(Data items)
:::

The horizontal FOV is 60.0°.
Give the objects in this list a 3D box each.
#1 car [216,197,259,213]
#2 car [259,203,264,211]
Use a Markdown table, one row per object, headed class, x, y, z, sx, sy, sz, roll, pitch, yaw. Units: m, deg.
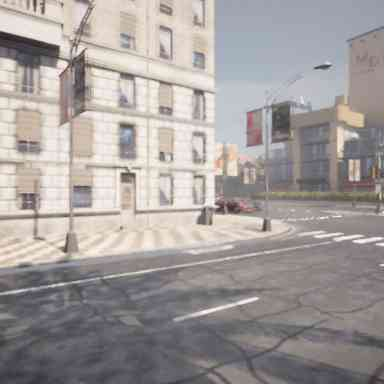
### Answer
| class | x | y | z | sx | sy | sz | roll | pitch | yaw |
| --- | --- | --- | --- | --- | --- | --- | --- | --- | --- |
| car | 4.629 | 1.316 | 36.193 | 2.097 | 1.767 | 4.553 | 0 | 0 | -36 |
| car | 6.418 | 1.463 | 39.699 | 1.837 | 1.490 | 4.892 | 0 | 0 | -35 |
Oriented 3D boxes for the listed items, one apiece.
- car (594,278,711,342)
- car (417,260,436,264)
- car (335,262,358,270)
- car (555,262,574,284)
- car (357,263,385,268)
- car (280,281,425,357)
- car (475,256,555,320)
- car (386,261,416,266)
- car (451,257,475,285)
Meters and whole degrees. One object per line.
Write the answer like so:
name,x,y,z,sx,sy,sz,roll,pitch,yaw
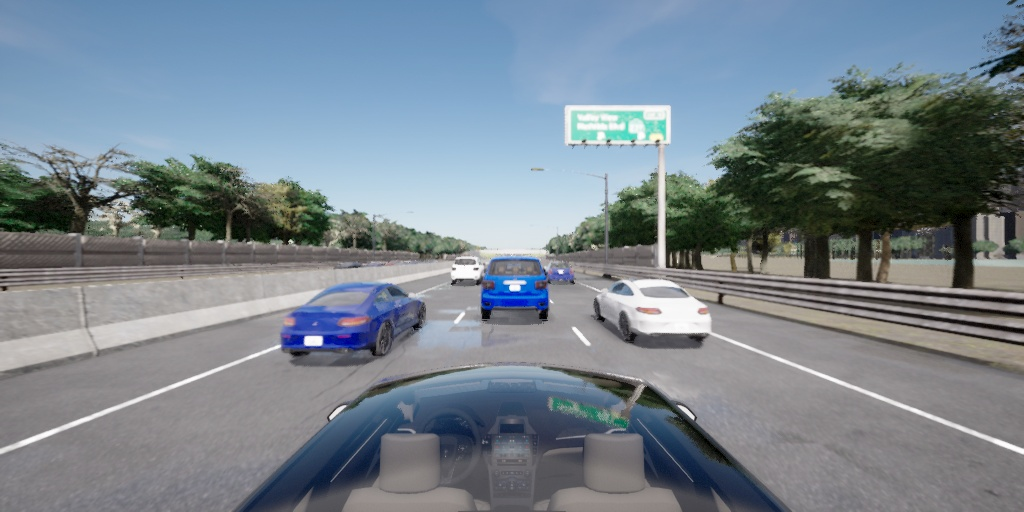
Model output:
car,3.577,1.325,9.834,1.812,1.442,4.674,0,0,0
car,-13.707,1.400,59.328,2.097,1.767,4.553,0,0,1
car,-20.871,1.456,46.202,1.882,1.535,5.008,0,-1,1
car,3.663,1.248,28.827,2.097,1.767,4.553,0,0,1
car,-17.383,1.540,45.483,1.994,1.385,4.181,0,0,1
car,-3.431,1.316,8.539,1.812,1.442,4.674,0,0,1
car,0.100,1.037,13.102,2.150,2.045,5.566,0,0,0
car,-13.892,1.499,44.857,1.812,1.442,4.674,0,0,1
car,-3.340,1.111,28.107,2.150,2.045,5.566,0,0,1

:::

From the records given above, reproduce all text exactly and exclude each picture.

EXERCISE RESULT:
The horizontal FOV is 60.0°.
Give the objects in this list a 3D box each.
#1 car [216,197,259,213]
#2 car [259,203,264,211]
Use a Markdown table, one row per object, headed class, x, y, z, sx, sy, sz, roll, pitch, yaw. Units: m, deg.
### Answer
| class | x | y | z | sx | sy | sz | roll | pitch | yaw |
| --- | --- | --- | --- | --- | --- | --- | --- | --- | --- |
| car | 4.629 | 1.316 | 36.193 | 2.097 | 1.767 | 4.553 | 0 | 0 | -36 |
| car | 6.418 | 1.463 | 39.699 | 1.837 | 1.490 | 4.892 | 0 | 0 | -35 |
Oriented 3D boxes for the listed items, one apiece.
- car (594,278,711,342)
- car (417,260,436,264)
- car (335,262,358,270)
- car (555,262,574,284)
- car (357,263,385,268)
- car (280,281,425,357)
- car (475,256,555,320)
- car (386,261,416,266)
- car (451,257,475,285)
Meters and whole degrees. One object per line.
Write the answer like so:
name,x,y,z,sx,sy,sz,roll,pitch,yaw
Model output:
car,3.577,1.325,9.834,1.812,1.442,4.674,0,0,0
car,-13.707,1.400,59.328,2.097,1.767,4.553,0,0,1
car,-20.871,1.456,46.202,1.882,1.535,5.008,0,-1,1
car,3.663,1.248,28.827,2.097,1.767,4.553,0,0,1
car,-17.383,1.540,45.483,1.994,1.385,4.181,0,0,1
car,-3.431,1.316,8.539,1.812,1.442,4.674,0,0,1
car,0.100,1.037,13.102,2.150,2.045,5.566,0,0,0
car,-13.892,1.499,44.857,1.812,1.442,4.674,0,0,1
car,-3.340,1.111,28.107,2.150,2.045,5.566,0,0,1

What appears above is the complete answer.